Мой друг полез назад на своего гусеничного кота, взревевшего, словно настоящий букан, а я зашагал к широкой седловине, разделяющей крутые склоны северной Этны. Посреди этой впадины пролегает скалистый хребет, почти целиком погребенный под напластованиями пепла. Место называется Пицци Денери, и именно его мы облюбовали для постройки обсерватории.

Седловина расположена сравнительно далеко от вершинных кратеров, но они хорошо видны. С другой стороны она надежно защищена от потоков лавы, изливающихся, как правило, в другом направлении, а риск неожиданного извержения невелик. Более того, хребет проходит как раз над теми трещинами, что погубили в 1928 году город Маскали и угрожали повторить это в мае – июне 1971-го.

Обсерваторию необходимо строить на возвышении, дабы она избежала печальной судьбы своей предшественницы, неразумно возведенной на ровном, даже слегка вогнутом месте. К сожалению, с этой стороны Этны возле вершины нет паразитных конусов. Единственный выступ – Пицци Денери.

На пустынных просторах северной и западной Этны вообще нет ни одной саттелитной горы. Только на востоке я увидел вдали два конуса-близнеца. Мне давно хотелось их осмотреть, но даже сегодня это не удастся сделать. Их склоны чрезвычайно круты для базальтовых вулканов; скорее, подобная форма заставляет думать о паразитных конусах-хорнито, но высота их не может не интриговать.

Конусы зовутся Фрателли Пии, то есть «любящие братья». Мне так и не удалось установить, отличаются ли они чем-нибудь от двухсот паразитных конусов, рассеянных по склонам Этны. Может, в самом деле они являются свидетелем извержения, описанного безымянным поэтом, современником Вергилия. Как гласит легенда, они и есть те самые братья, которых Юпитер в награду превратил в две приметные горы…

«Давным-давно случилось так, что пещеры Этны изрыгнули огонь, – писал поэт, – и гора вся обратилась в пламя, а ее котлы неистово клокотали. Громадные жгучие волны понеслись вниз. Загорелись поля, жнивье, и вместе с урожаем горели землепашцы, пылали леса и холмы; огонь хватал все впереди себя. Каждый брал добро, которое мог унести, и бежал прочь. А тех, кто мешкал, огонь пожирал… Когда раздался треск в соседнем доме, Амфион и его брат Анафий заметили, что их отец и мать, увы, не в силах от старости спастись бегством и пали на пороге. Братья подняли их на плечи и заторопились сквозь пламя. И пламя застыдилось и не тронуло этих любящих юношей, а пропустило их и угасало там, куда они ставили ногу. Справа и слева бушевал всепожирающий огонь, но оба брата благополучно прошли сквозь него и донесли до безопасного места свои драгоценные ноши. Живые и невредимые, они удалились всей семьей.

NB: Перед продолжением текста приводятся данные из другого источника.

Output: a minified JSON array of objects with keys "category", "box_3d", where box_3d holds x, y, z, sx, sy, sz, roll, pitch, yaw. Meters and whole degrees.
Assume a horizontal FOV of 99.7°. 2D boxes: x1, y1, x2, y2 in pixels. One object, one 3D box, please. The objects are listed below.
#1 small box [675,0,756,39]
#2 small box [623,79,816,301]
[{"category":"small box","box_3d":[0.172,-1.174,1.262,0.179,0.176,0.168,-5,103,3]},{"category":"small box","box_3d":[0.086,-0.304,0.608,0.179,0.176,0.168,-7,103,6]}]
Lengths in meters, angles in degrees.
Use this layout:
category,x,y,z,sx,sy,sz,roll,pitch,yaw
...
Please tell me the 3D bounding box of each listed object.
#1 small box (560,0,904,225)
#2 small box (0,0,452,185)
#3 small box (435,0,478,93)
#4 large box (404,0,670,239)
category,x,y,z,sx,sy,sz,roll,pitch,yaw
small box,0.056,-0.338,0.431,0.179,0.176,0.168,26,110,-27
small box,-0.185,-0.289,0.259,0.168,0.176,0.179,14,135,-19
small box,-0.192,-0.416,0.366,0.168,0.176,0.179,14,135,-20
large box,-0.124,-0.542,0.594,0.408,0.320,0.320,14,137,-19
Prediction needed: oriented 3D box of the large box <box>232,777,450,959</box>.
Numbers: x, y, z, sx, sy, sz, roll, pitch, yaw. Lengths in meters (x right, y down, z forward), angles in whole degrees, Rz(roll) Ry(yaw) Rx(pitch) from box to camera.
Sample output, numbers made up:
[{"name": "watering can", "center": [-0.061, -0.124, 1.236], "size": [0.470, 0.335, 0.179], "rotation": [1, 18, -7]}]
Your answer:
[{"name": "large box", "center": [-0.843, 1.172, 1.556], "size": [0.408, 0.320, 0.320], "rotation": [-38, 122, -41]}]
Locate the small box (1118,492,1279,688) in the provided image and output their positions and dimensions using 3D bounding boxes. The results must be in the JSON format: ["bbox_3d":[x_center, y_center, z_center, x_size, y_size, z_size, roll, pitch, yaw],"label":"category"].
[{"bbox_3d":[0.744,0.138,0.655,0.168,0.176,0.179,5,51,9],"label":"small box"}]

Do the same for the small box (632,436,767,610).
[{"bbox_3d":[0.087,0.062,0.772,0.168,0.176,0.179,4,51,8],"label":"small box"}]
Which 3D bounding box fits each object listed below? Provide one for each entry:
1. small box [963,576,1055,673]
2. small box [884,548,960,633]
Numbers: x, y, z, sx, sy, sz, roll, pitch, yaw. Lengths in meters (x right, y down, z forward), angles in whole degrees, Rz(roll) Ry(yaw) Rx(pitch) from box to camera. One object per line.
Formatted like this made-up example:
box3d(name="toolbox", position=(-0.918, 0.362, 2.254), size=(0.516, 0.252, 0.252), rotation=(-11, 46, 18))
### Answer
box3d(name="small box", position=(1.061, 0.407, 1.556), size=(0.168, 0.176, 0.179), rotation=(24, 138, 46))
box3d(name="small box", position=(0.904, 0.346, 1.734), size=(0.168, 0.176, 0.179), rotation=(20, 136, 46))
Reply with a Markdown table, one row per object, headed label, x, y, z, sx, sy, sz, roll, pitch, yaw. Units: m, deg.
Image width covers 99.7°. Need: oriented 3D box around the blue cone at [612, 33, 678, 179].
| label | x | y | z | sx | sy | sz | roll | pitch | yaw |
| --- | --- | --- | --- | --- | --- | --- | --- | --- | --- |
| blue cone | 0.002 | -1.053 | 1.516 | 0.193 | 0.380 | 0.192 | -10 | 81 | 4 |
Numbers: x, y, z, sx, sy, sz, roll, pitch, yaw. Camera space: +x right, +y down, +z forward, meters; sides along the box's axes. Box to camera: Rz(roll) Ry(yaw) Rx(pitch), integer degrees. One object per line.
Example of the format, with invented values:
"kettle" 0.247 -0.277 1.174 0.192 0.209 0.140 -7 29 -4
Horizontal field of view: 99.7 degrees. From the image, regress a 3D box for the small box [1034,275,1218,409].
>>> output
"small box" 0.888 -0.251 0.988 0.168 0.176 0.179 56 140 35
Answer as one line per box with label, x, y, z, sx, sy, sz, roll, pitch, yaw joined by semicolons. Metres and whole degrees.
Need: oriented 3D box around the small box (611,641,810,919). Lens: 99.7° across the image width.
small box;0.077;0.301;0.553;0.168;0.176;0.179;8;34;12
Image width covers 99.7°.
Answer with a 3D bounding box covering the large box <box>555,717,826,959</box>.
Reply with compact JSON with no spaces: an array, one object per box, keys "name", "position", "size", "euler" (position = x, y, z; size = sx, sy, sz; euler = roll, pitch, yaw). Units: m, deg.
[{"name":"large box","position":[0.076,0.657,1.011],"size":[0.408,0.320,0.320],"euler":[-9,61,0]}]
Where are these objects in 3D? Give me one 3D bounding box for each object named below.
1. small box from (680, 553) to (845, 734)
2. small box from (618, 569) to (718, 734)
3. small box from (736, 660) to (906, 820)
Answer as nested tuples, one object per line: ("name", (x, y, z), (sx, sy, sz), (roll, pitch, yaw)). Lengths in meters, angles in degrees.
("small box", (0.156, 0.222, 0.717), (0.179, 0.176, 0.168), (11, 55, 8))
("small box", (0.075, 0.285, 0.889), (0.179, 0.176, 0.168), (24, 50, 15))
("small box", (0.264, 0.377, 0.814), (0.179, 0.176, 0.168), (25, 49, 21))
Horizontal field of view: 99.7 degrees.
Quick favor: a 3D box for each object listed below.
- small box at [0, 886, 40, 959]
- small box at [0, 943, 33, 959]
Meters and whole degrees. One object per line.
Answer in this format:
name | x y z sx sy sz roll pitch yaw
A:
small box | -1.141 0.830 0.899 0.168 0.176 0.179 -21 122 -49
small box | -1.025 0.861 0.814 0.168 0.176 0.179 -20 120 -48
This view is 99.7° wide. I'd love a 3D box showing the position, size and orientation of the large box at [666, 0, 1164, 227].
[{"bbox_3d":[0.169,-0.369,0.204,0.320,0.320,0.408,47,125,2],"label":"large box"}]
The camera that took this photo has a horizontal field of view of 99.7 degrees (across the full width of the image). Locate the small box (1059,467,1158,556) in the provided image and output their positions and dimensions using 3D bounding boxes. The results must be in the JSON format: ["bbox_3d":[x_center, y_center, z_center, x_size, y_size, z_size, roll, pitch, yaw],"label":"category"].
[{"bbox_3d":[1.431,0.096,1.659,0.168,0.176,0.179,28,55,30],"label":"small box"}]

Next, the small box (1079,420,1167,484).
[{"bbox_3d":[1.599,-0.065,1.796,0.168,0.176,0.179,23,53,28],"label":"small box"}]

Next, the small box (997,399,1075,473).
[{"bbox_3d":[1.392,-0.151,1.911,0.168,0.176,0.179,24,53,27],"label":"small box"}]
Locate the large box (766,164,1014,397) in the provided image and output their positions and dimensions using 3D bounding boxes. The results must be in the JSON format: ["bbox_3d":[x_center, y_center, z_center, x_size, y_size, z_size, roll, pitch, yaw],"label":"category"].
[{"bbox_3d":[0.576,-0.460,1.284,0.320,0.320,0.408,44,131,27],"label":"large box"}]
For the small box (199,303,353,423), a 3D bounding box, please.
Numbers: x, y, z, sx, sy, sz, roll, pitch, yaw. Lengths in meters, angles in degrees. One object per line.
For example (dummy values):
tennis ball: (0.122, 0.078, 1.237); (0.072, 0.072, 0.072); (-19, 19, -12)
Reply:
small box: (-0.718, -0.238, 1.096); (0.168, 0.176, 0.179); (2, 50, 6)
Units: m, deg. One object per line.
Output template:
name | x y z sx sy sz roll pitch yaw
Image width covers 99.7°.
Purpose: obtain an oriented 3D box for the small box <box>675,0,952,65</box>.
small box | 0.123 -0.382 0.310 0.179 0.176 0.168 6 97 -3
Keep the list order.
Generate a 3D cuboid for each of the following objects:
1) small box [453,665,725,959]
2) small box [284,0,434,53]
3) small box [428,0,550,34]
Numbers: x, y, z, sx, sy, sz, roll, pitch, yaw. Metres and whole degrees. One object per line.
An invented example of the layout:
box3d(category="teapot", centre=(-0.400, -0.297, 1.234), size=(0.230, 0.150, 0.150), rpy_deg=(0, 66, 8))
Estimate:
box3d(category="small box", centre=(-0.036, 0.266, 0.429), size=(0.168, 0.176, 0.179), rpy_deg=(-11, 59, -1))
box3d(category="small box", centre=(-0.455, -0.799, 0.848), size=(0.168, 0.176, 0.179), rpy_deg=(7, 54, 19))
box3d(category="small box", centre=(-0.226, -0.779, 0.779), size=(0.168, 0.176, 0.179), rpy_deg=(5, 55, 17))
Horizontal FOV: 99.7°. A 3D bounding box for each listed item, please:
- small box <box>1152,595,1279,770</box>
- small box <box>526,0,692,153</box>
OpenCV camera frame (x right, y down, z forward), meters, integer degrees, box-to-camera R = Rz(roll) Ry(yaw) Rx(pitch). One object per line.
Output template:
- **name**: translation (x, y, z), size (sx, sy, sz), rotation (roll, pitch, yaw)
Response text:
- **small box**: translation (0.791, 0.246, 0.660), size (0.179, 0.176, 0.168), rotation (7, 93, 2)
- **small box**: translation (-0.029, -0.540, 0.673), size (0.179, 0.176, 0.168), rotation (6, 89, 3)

Столь благочестивые юноши провели потом свою жизнь в спокойствии и добре, а у Плутона их ждало уготованное место. Поэты воспевали их…» Два тысячелетия лавы обходят эти две особняком стоящие горы, словно желая сохранить память о Фрателли Пии – любящих братьях. К сожалению, они слишком далеки от северо-восточной бокки и центрального кратера, чтобы строить на них научный наблюдательный пункт. Да и не будет ли это святотатством?